While I wait for a £1.75 USB LED light to solve my cupboard lumination problem I thought I would investigate digit recognition for an LCD screen.
Turns out some clever people before me have considered the same problem from the point of view of allowing the blind to read displays.
I found some good ideas in this publication – http://www.ski.org/rerc/HShen/Publications/embedded.pdf
Turns out the problem can be distinguished from classic OCR and bespoke algorithms provide better success. Both papers have Symbian implementations and so look perfect for implementation on the Raspberry Pi. The second publication looks slightly easier for a novice like me.
This leads me to sketch out the following rough process for a C++ program:
- Take PGM file from uvccapture as input
- Read PGM file in c++ – http://stackoverflow.com/questions/8126815/how-to-read-in-data-from-a-pgm-file-in-c
- Then binarize as per algorithm in second article.
- Then recognise blobs as per Wikipedia pseudo code for connected component analysis – http://en.wikipedia.org/wiki/Connected-component_labeling
- Then filter (e.g. By size h/w ration).
- Then detect digits (look up Hough voting).
- Then check digits are sensible.
- Output a short or byte number reading (e.g. 4.4).
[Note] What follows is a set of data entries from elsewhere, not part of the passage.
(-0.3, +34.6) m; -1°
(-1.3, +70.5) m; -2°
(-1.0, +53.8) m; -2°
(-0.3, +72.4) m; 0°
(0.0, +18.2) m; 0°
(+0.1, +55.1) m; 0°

There may be scope for adding in edge detection (as per first publication) – may be as an extra input for blob detection or filtering. Edge detection in Linux : http://linux.about.com/library/cmd/blcmdl1_pgmedge.htm .
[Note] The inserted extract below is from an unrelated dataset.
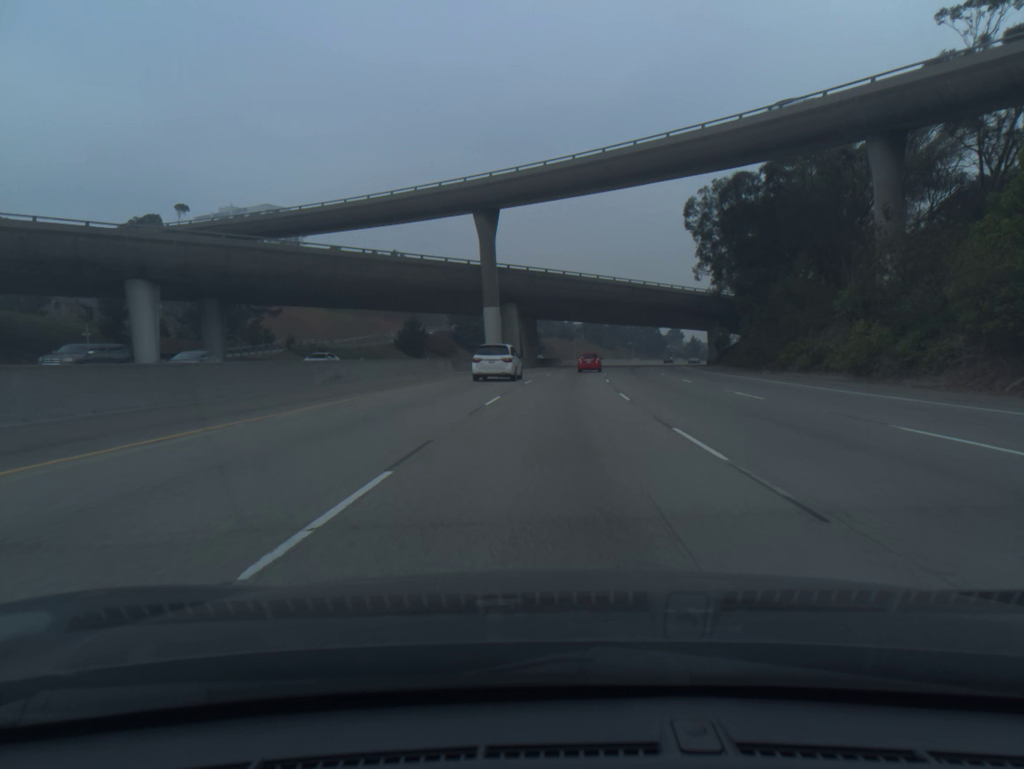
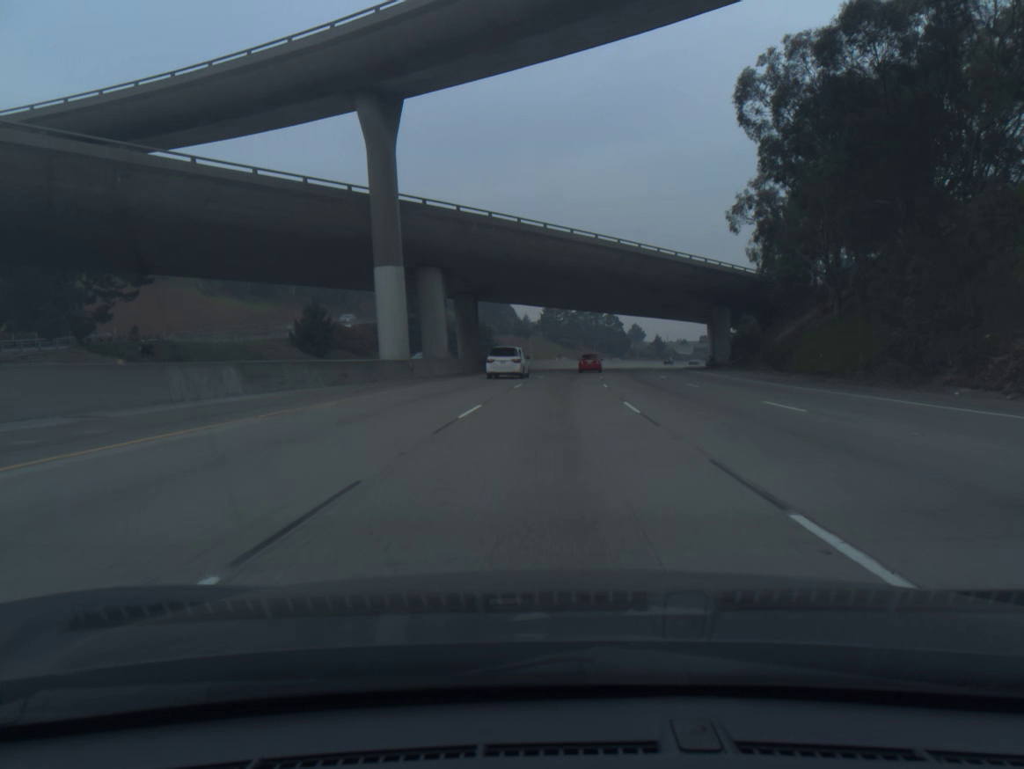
(+1.0, +33.0) m; +3°
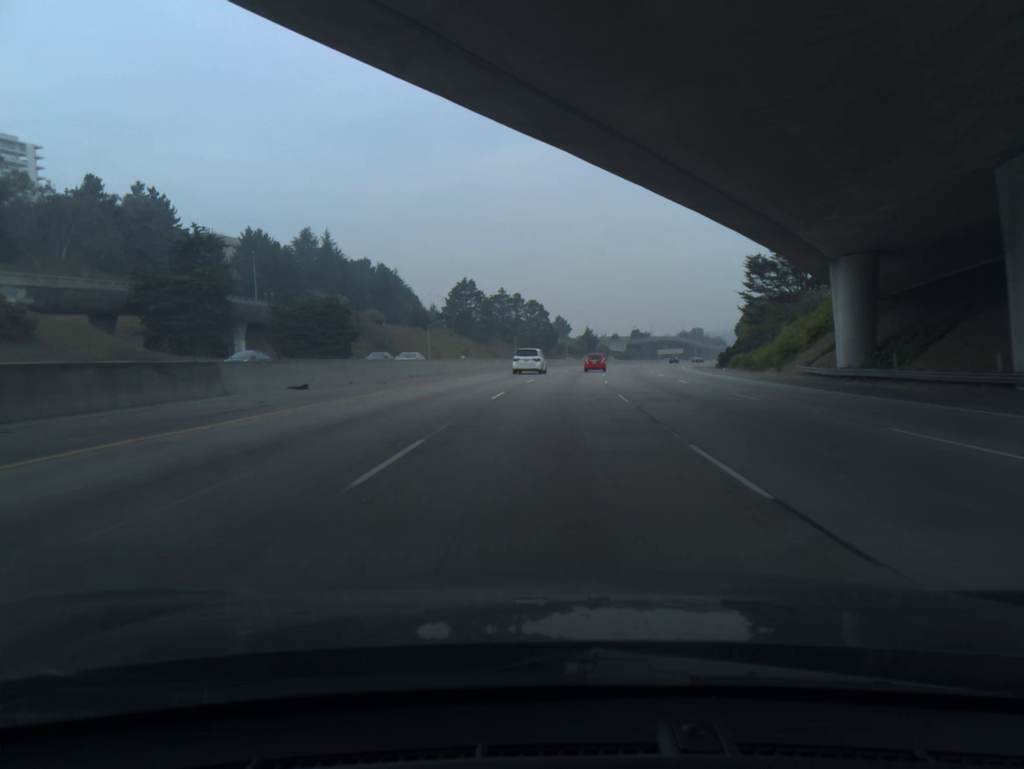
(+3.3, +66.4) m; +6°
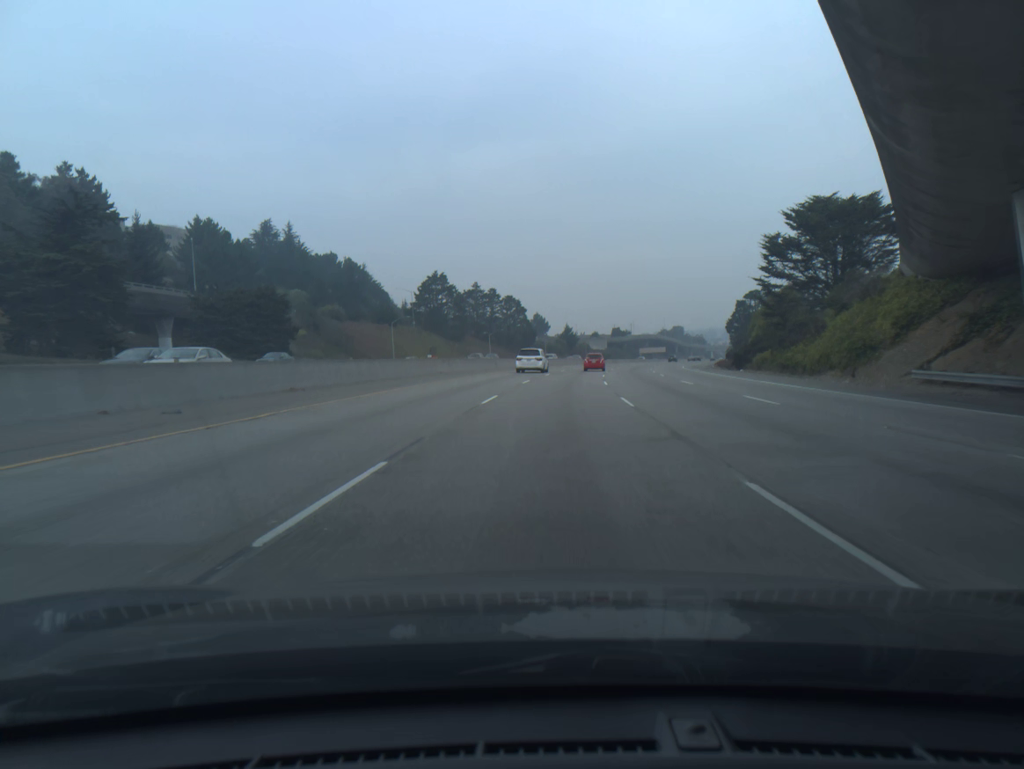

This Thesis also has some useful ideas about using the OpenCV resource: http://repositories.tdl.org/ttu-ir/bitstream/handle/2346/ETD-TTU-2011-05-1485/LI-THESIS.pdf?sequence=1 (although I don’t think Tesseract would work very well – and it hasn’t been ported to the Pi as far as I am aware). However, for now loading 3GB of code (for OpenCV) may be overkill for my task.